The Makery Mindset

In 2013, Burke's took our ongoing work with cutting-edge education and created two dedicated maker spaces on campus — together, they're known collectively as the Makery. Each space is home to numerous supplies and technologies — including 3-D printers, laser cutters, and much more — perfect for the exact kind of tinkering and brainstorming that 21st-century learners need to master in order to solve the kinds of problems plaguing our society. After all, with all of the knowledge contained in all of the world's libraries accessible in the palm of your hand, students need to go further than rote memorization of facts.
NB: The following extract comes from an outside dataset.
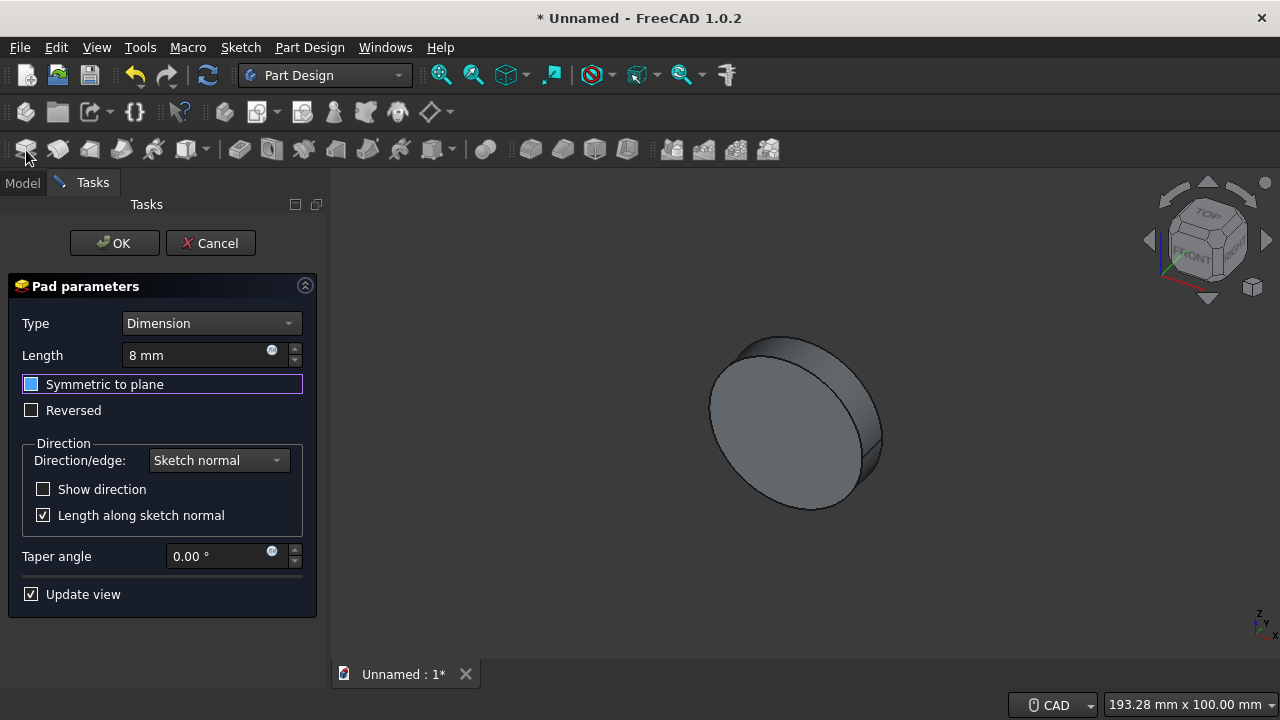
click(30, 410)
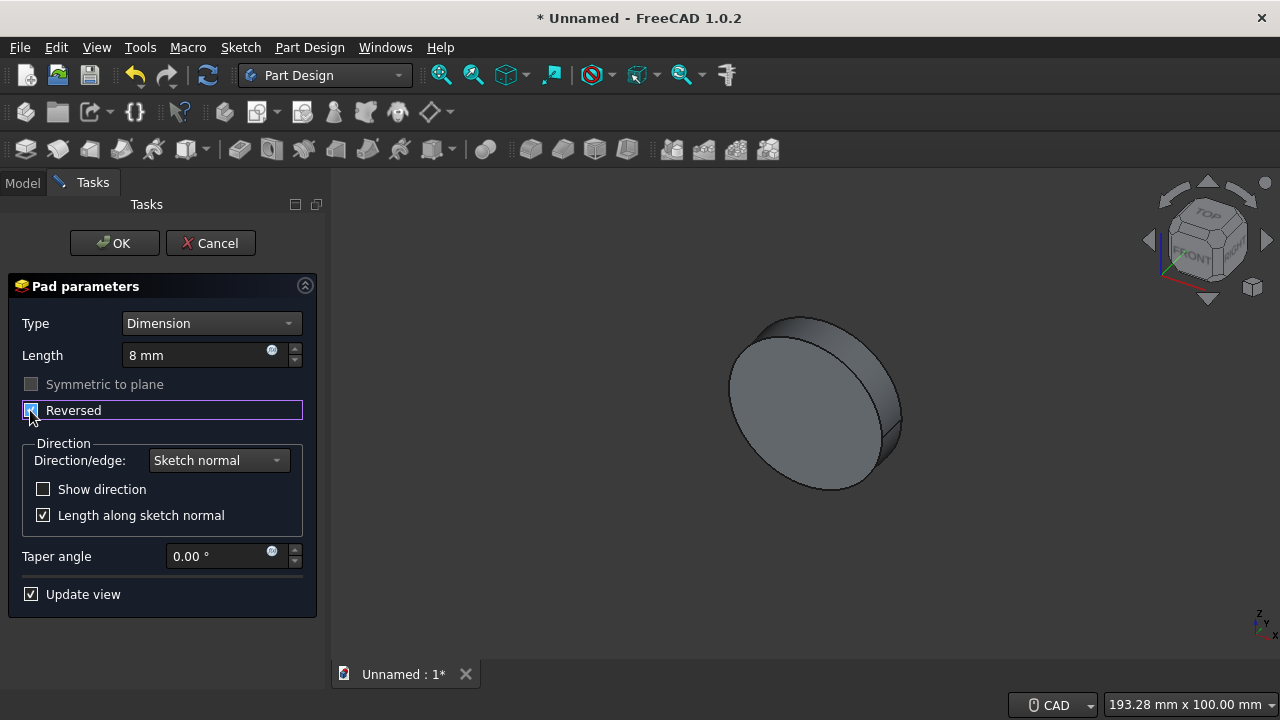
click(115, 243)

What are they going to do with that information?

And in the last eight years, we've noticed something incredible: The spirit of the Makery has permeated through all grade levels and subject areas, broken out of its physical space and reached the far edges of the Burke's campus. Our students — and their teachers — feel free to try out their ideas and make mistakes, collaborate and work together, and be as creative as they can be, no matter what they happen to be studying at the time.

We call this effect the Makery Mindset.

The Makery Mindset has no fear. It begets projects that are culturally rich and customizable to reach any student, no matter her learning style. It brings students from different grades together to work on subjects they're all studying at the same time. It works on the floor, or outside, or inside a classroom with walls that come down at the snap of a finger.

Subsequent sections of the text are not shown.